I will not repeat the flattering words that often fell on my ear and said to me, "You can make your way anywhere; you can be anything you please." And then there were voices that said in my heart, "I may have wealth, and with it means of power, of culture, of taste, of luxury. If I only set out for that, I may get it." And then, in contrast, came that life I had seen my father live, in its grand simplicity, in its enthusiastic sincerity, in its exulting sense of joy in what he was doing, down to the last mortal moment, and I wished, oh, how fervently! that I could believe as he did. But to be a minister merely from a sense of duty—to bear the burden of poverty with no perception of the unspeakable riches which Christ hath placed therein—who would not shrink from a life so grating and so cold? To choose the ministry as a pedestal for oratory and self-display and poetic religious sentiment, and thus to attain distinction and easy position, and the command of fashionable luxury, seemed to me a temptation to desecration still more terrible, and I dreaded the hour which should close my college life and make a decision inevitable.

It was with a sober and sad heart that I closed my college course and parted from class-mates—jolly fellows with whom had rolled away the four best years of my life—years that as one goes on afterwards in age look brighter and brighter in the distance.
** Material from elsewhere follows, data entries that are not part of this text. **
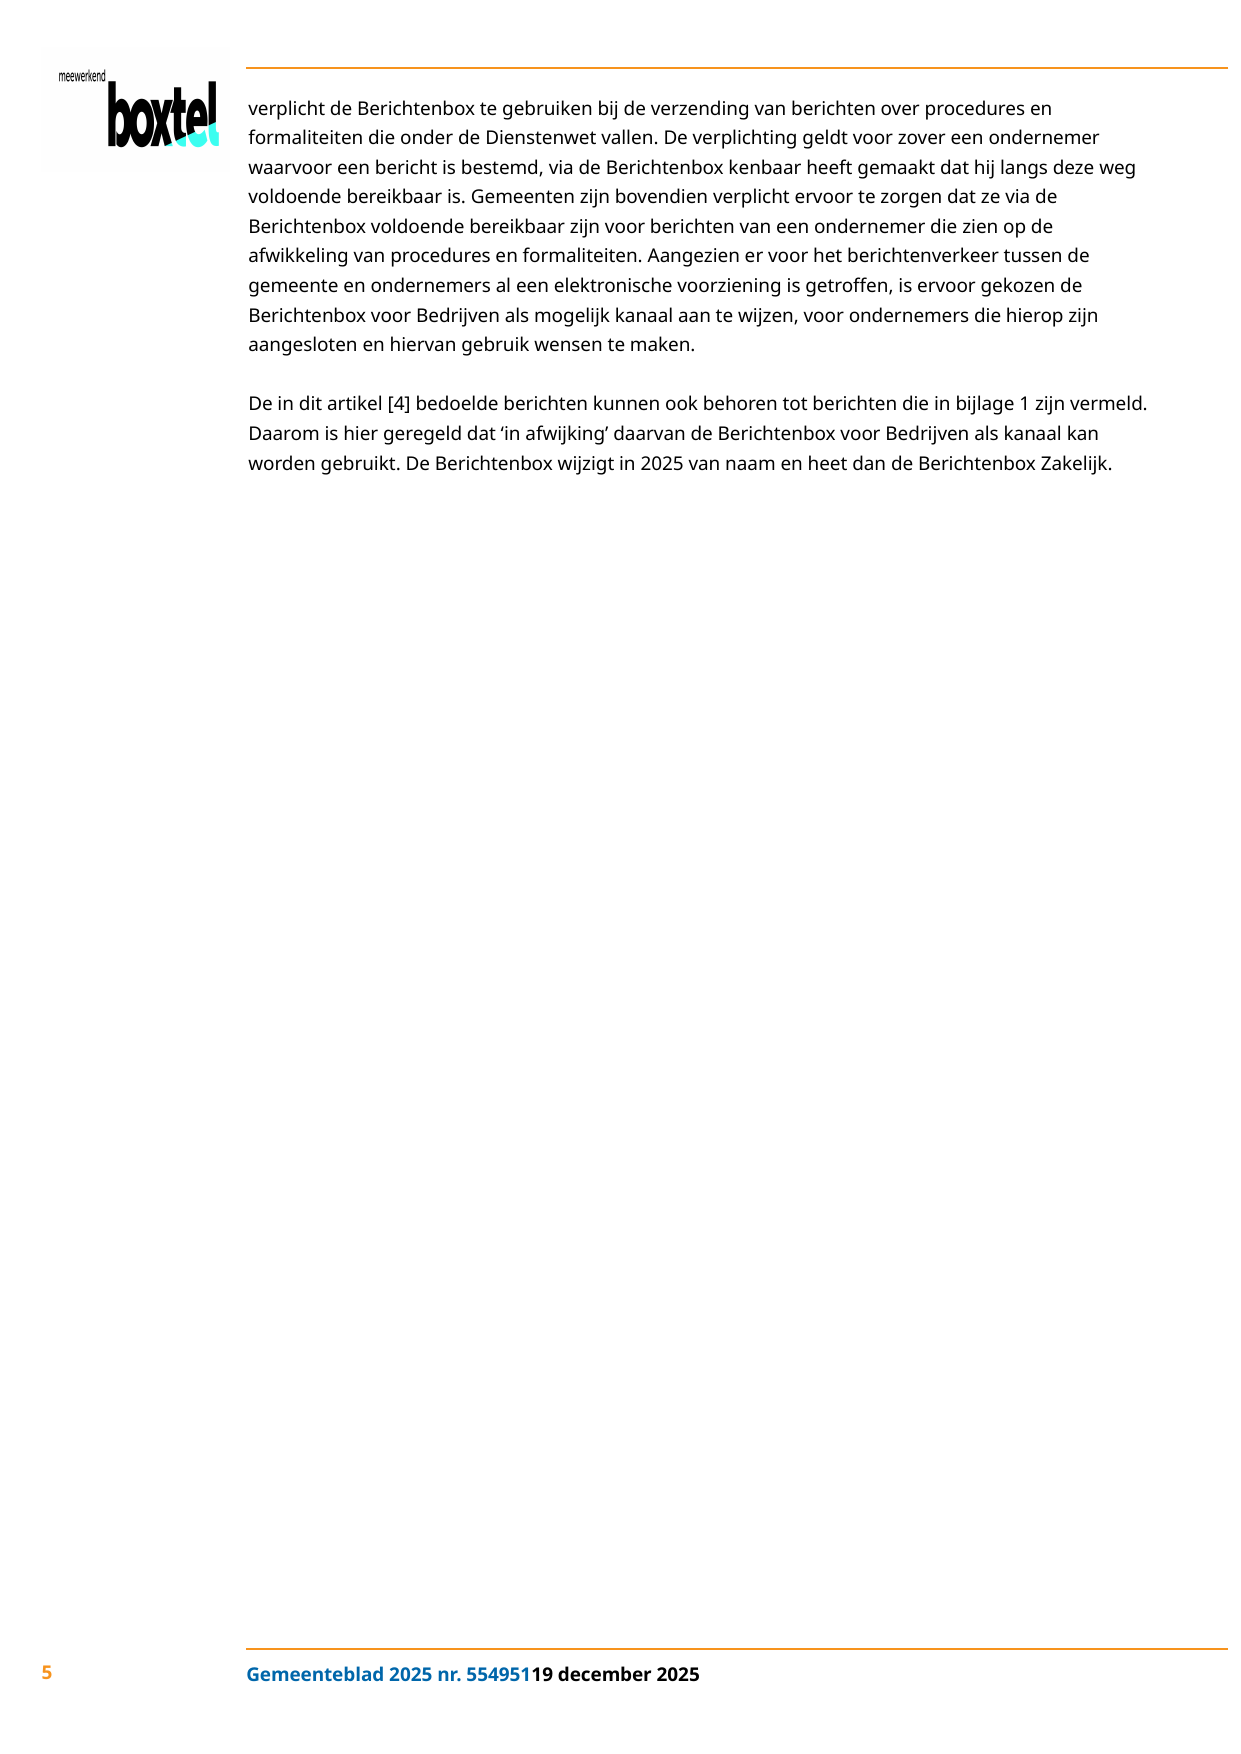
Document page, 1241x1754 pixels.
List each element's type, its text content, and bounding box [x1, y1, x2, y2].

text verplicht de Berichtenbox te gebruiken bij de verzending van berichten over procedures en formaliteiten die onder de Dienstenwet vallen. De verplichting geldt voor zover een ondernemer waarvoor een bericht is bestemd, via de Berichtenbox kenbaar heeft gemaakt dat hij langs deze weg voldoende bereikbaar is. Gemeenten zijn bovendien verplicht ervoor te zorgen dat ze via de Berichtenbox voldoende bereikbaar zijn voor berichten van een ondernemer die zien op de afwikkeling van procedures en formaliteiten. Aangezien er voor het berichtenverkeer tussen de gemeente en ondernemers al een elektronische voorziening is getroffen, is ervoor gekozen de Berichtenbox voor Bedrijven als mogelijk kanaal aan te wijzen, voor ondernemers die hierop zijn aangesloten en hiervan gebruik wensen te maken. [248, 95, 1152, 357]
picture [41, 47, 231, 172]
text De in dit artikel [4] bedoelde berichten kunnen ook behoren tot berichten die in bijlage 1 zijn vermeld. Daarom is hier geregeld dat ‘in afwijking’ daarvan de Berichtenbox voor Bedrijven als kanaal kan worden gebruikt. De Berichtenbox wijzigt in 2025 van naam en heet dan de Berichtenbox Zakelijk. [248, 391, 1152, 476]
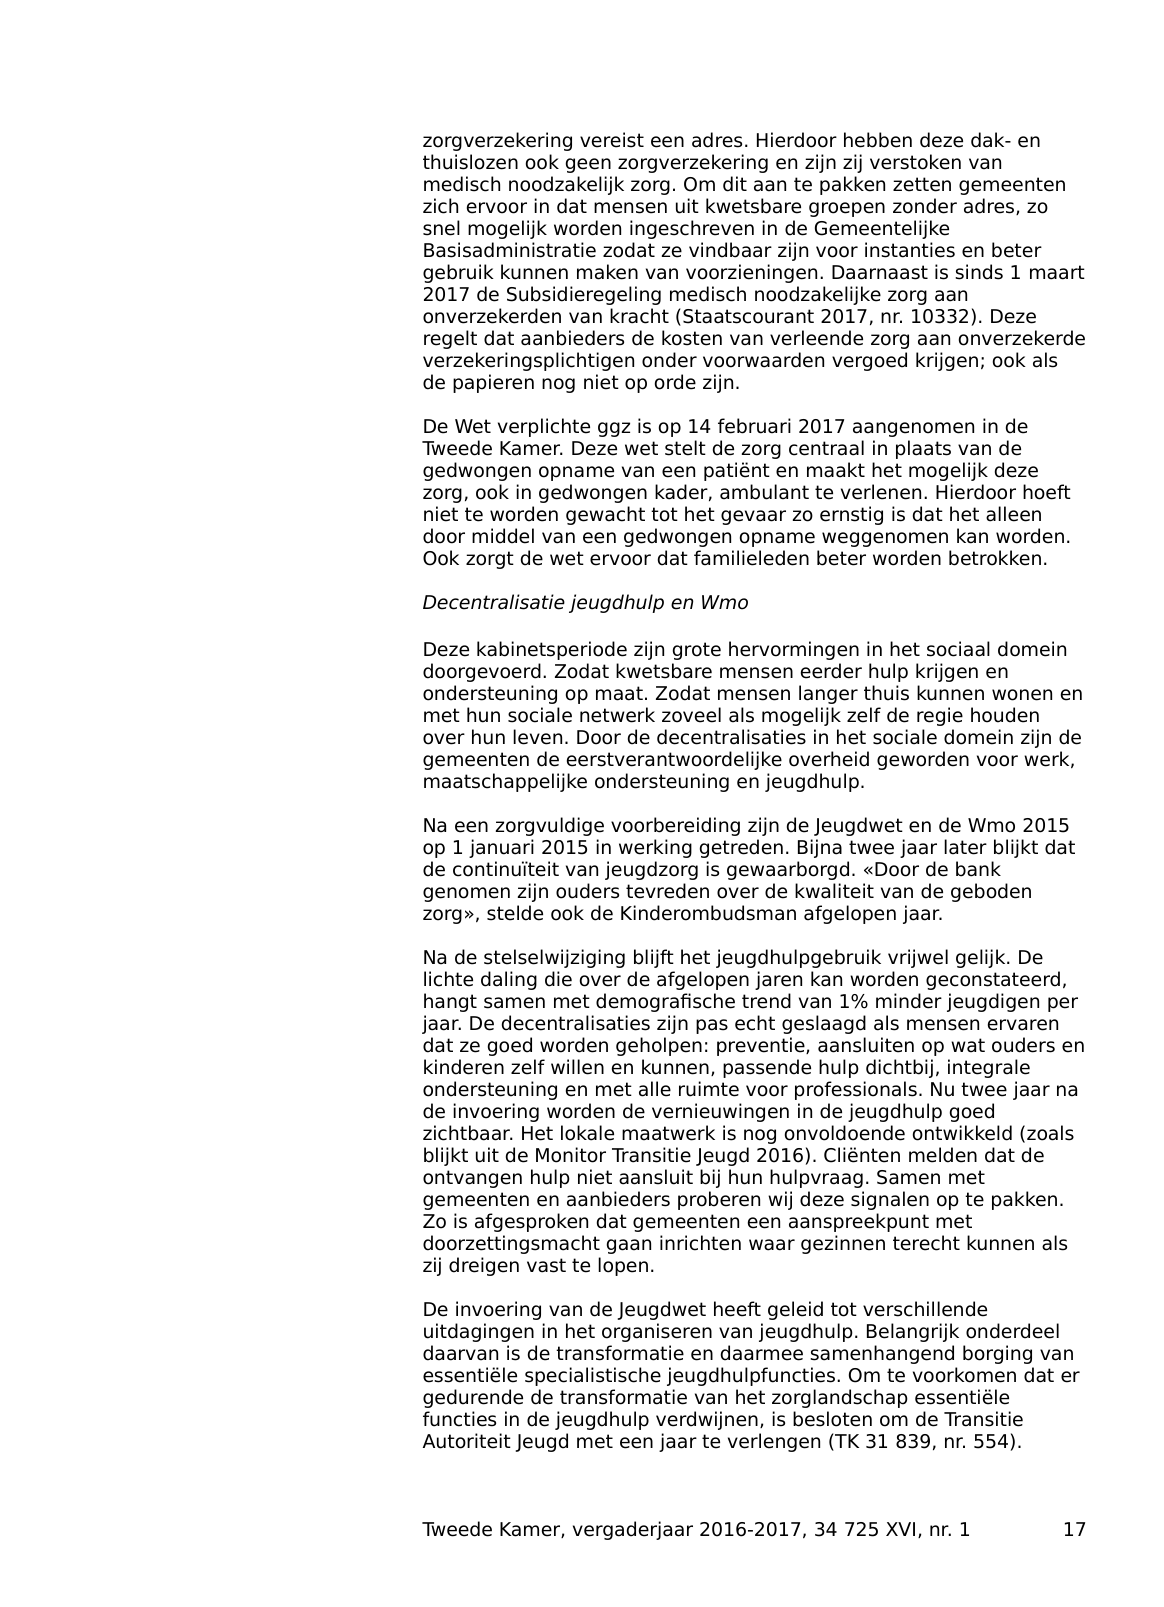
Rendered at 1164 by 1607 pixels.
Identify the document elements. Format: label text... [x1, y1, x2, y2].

It was a lonesome and pokerish operation to dismantle the room that had long been my home, to bargain away my furniture, pack my books, and bid a final farewell to all the old quiddities and oddities that I had grown attached to in the quaint little village. The parting from Alma Mater is a second leaving of home—and this time for the great world. There is no staving off the battle of life now—the tents are struck, the camp-fires put out, and one must be on the march.